Given the root of a binary tree, display the node values at each level. Node values for all levels should be displayed on separate lines. Let’s take a look at the below binary tree.

widget

Level order traversal for this tree should look like:

  • 100
  • 50, 200
  • 25, 75, 350

Hint

  • Breadth first traversal

Try it yourself

string level_order_traversal(BinaryTreeNode* root) {
  string result = "";
  //TODO: Write - Your - Code
  
  return result;
}

Solution

// Using two queues
void level_order_traversal_1(BinaryTreeNode* root) {
  if (root == nullptr) {
    return;
  }

  queue<BinaryTreeNode*> queues[2];
  
  queue<BinaryTreeNode*>* current_queue = &queues[0];
  queue<BinaryTreeNode*>* next_queue = &queues[1];

  current_queue->push(root);
  int level_number = 0;

  while (!current_queue->empty()) {
    BinaryTreeNode* temp = current_queue->front();
    current_queue->pop();
    cout << temp->data << ",";

    if (temp->left != nullptr) {
      next_queue->push(temp->left);
    }

    if (temp->right != nullptr) {
      next_queue->push(temp->right);
    }

    if (current_queue->empty()) {
      cout << endl;
      ++level_number;
      current_queue = &queues[level_number % 2];
      next_queue = &queues[(level_number + 1) % 2];
    }
  }
  cout << endl;
}

int main(int argc, char* argv[]) {

  BinaryTreeNode* root = create_random_BST(15);
  level_order_traversal_1(root);
  cout << endl;
  cout << "Inorder = ";
  display_inorder(root);
  
}

Solution Explanation

Runtime Complexity

The runtime complexity of this solution is linear, O(n).

Memory Complexity

The memory complexity of this solution is linear, O(n).


Solution Breakdown

Here, you are using two queues: current_queue and next_queue. You push the nodes in both queues alternately based on the current level number.

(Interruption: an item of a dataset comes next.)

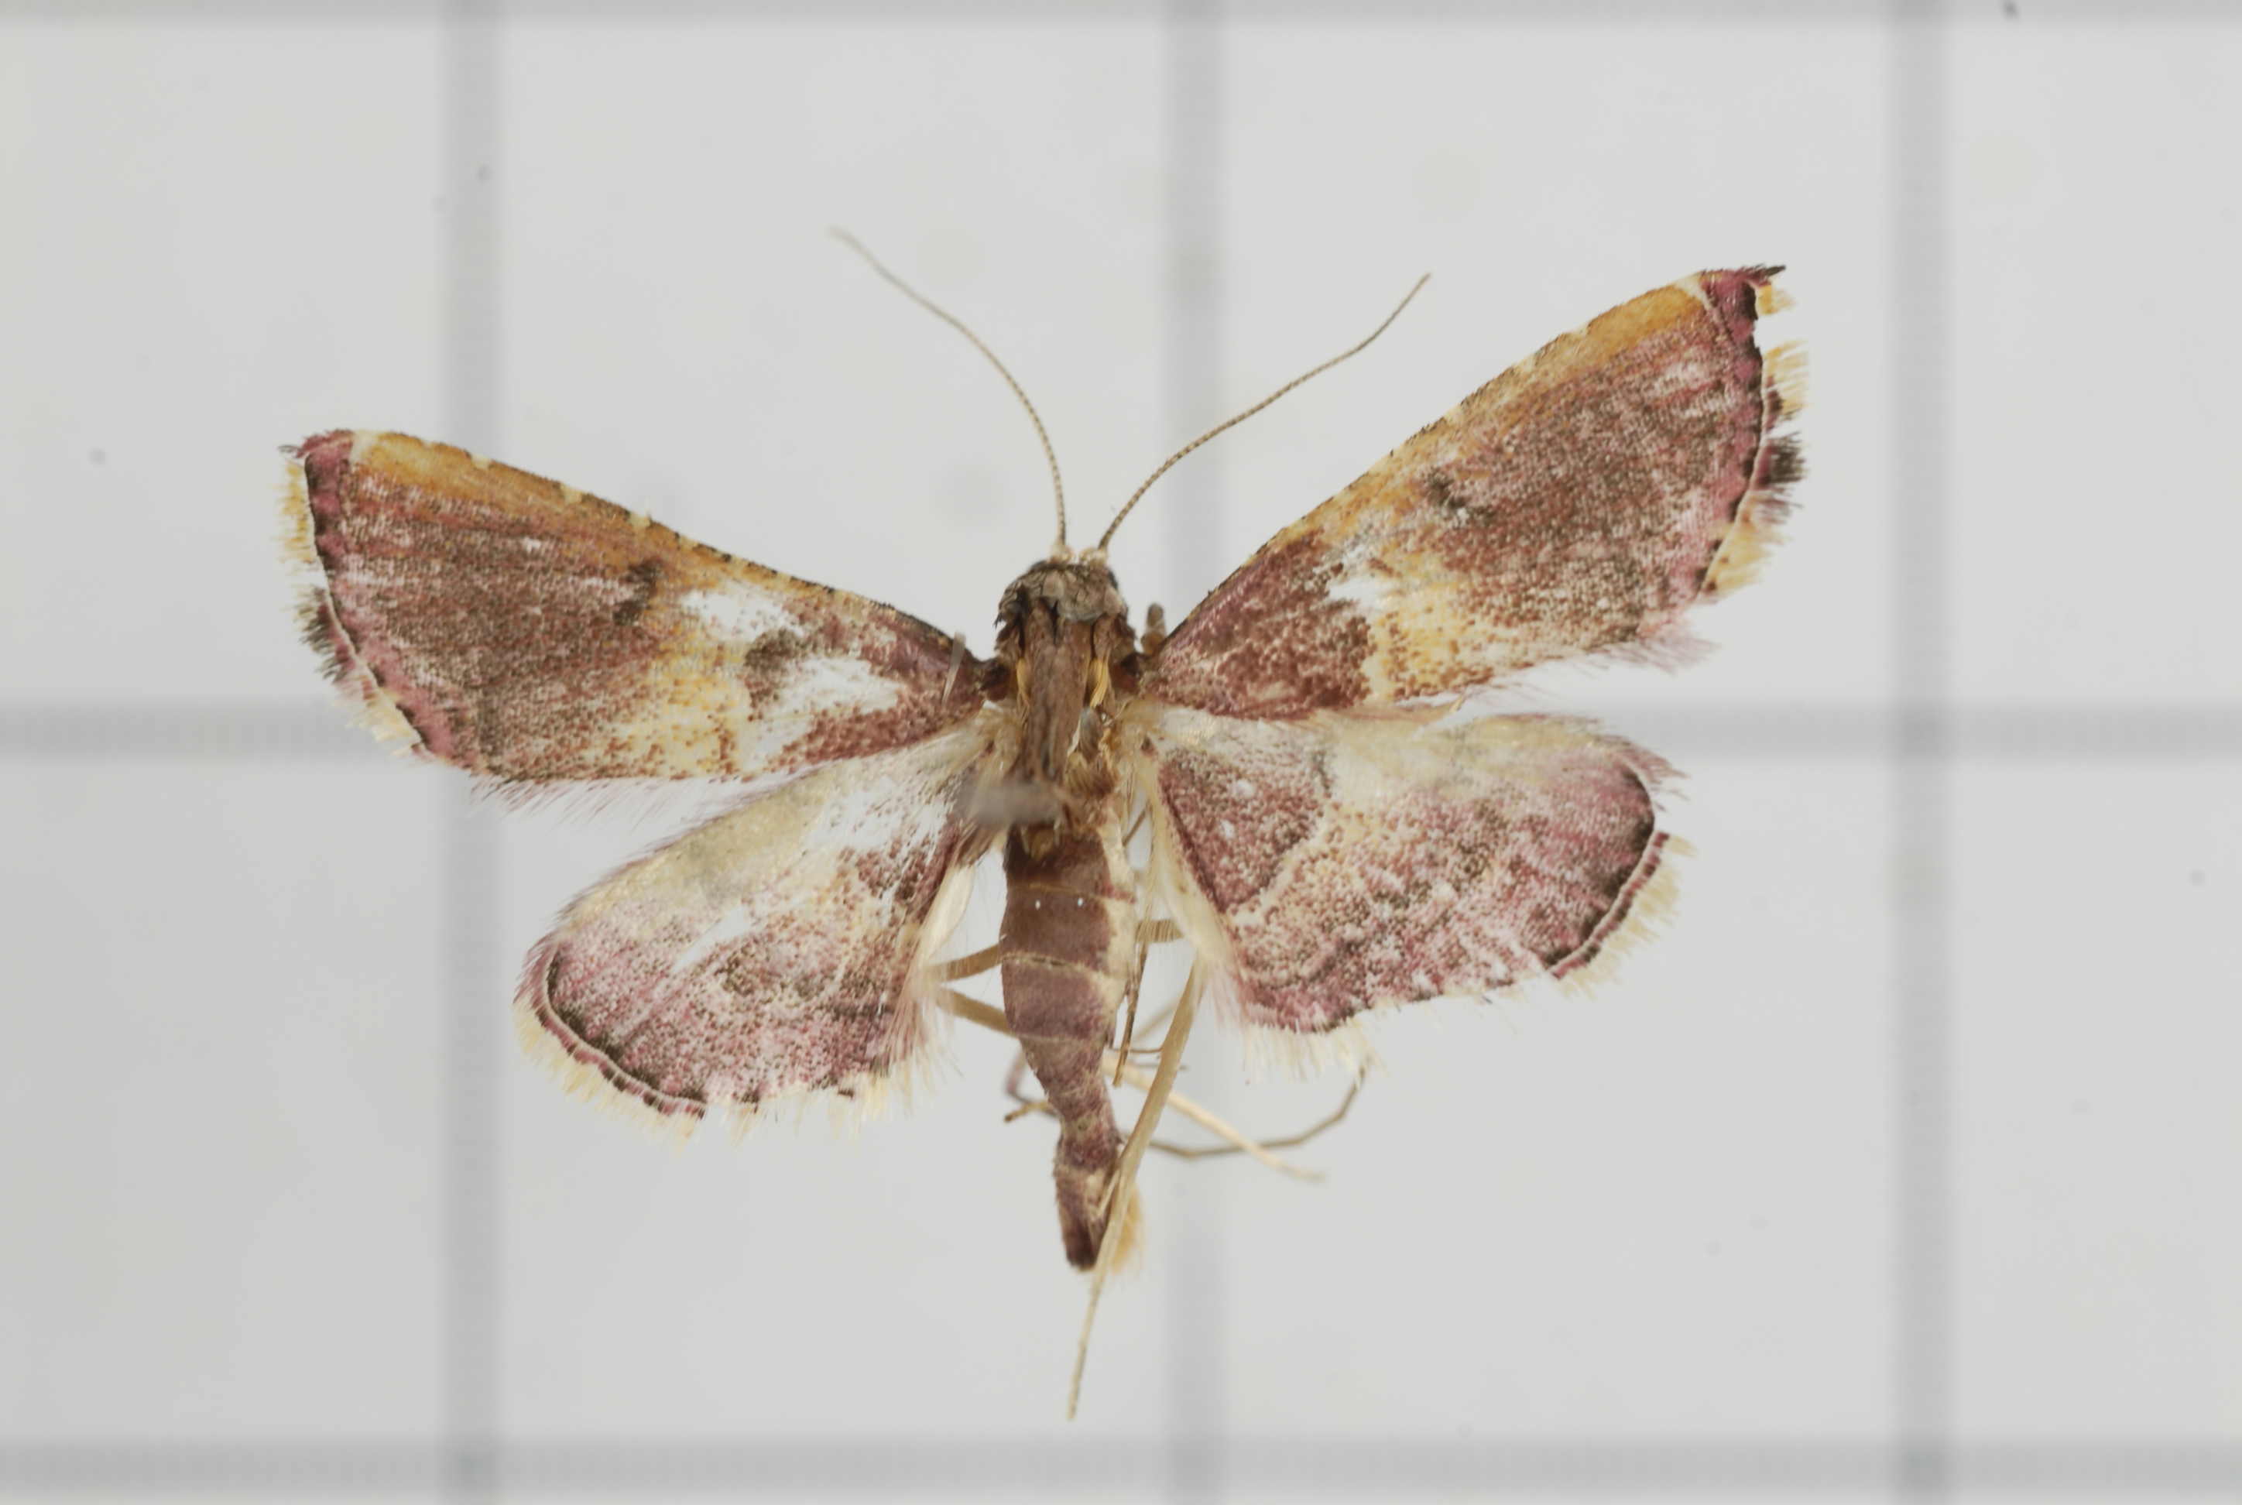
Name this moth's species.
Endotricha olivacealis

You’ll dequeue nodes from the current_queue, print the node’s data, and enqueue the node’s children to the next_queue. Once the current_queue becomes empty, you have processed all nodes for the current level_number. To indicate the new level, print a line break (’\n’), swap the two queues, and continue with the above-mentioned logic.

After printing the leaf nodes from the current_queue, swap current_queue and next_queue. Since the current_queue would be empty, you can terminate the loop.